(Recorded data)

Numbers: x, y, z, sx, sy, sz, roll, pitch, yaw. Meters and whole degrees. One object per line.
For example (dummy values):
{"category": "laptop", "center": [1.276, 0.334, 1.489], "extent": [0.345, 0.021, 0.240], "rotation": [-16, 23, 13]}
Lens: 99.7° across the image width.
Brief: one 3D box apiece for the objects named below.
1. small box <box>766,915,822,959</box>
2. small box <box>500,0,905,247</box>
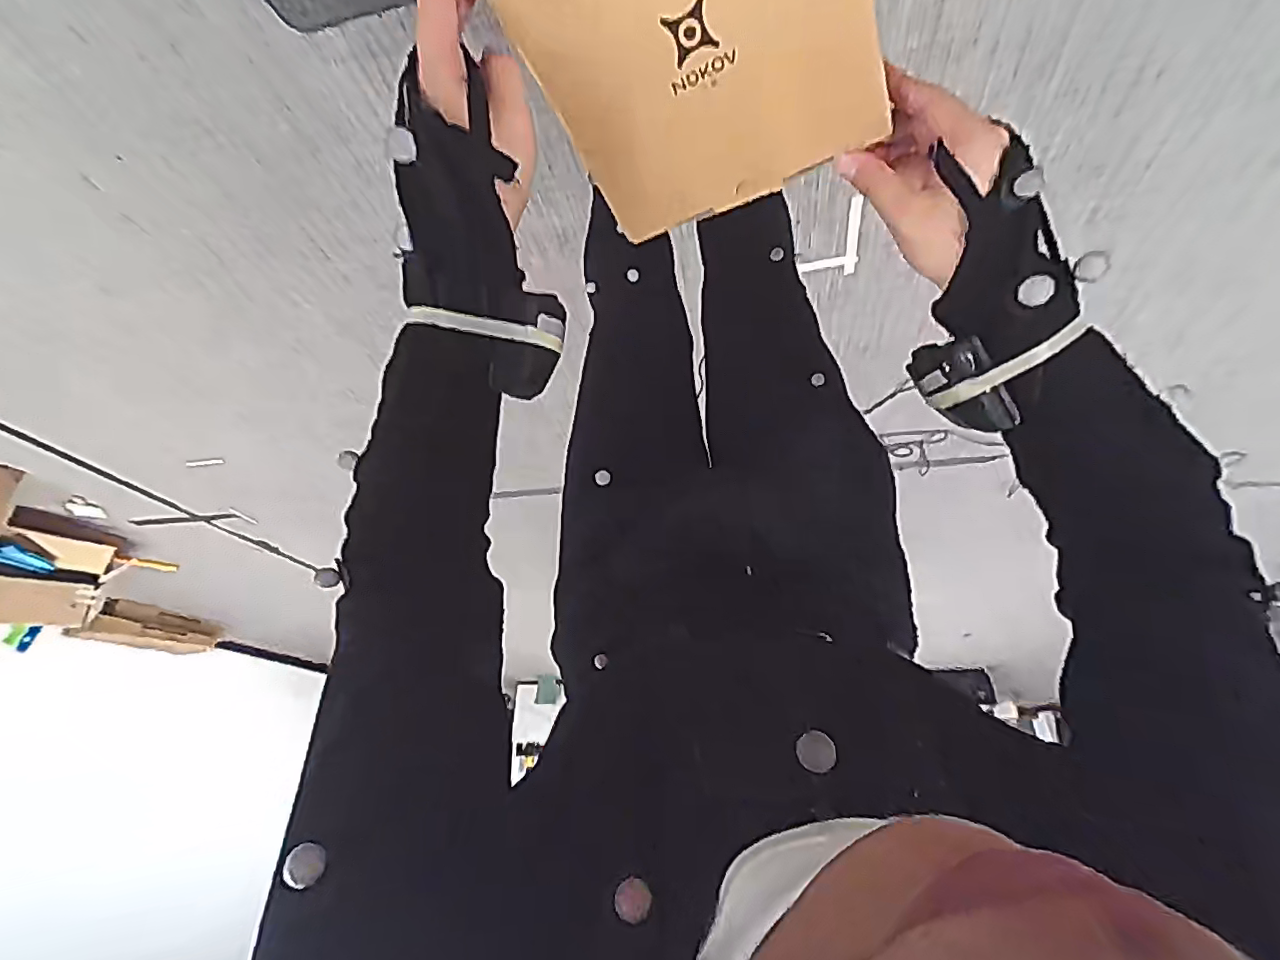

WHAT THE TASK ASKS ▸ In the records above, locate every line with the string "small" and copy it.

SOLVED EXERCISE ▸
1. small box <box>766,915,822,959</box>
2. small box <box>500,0,905,247</box>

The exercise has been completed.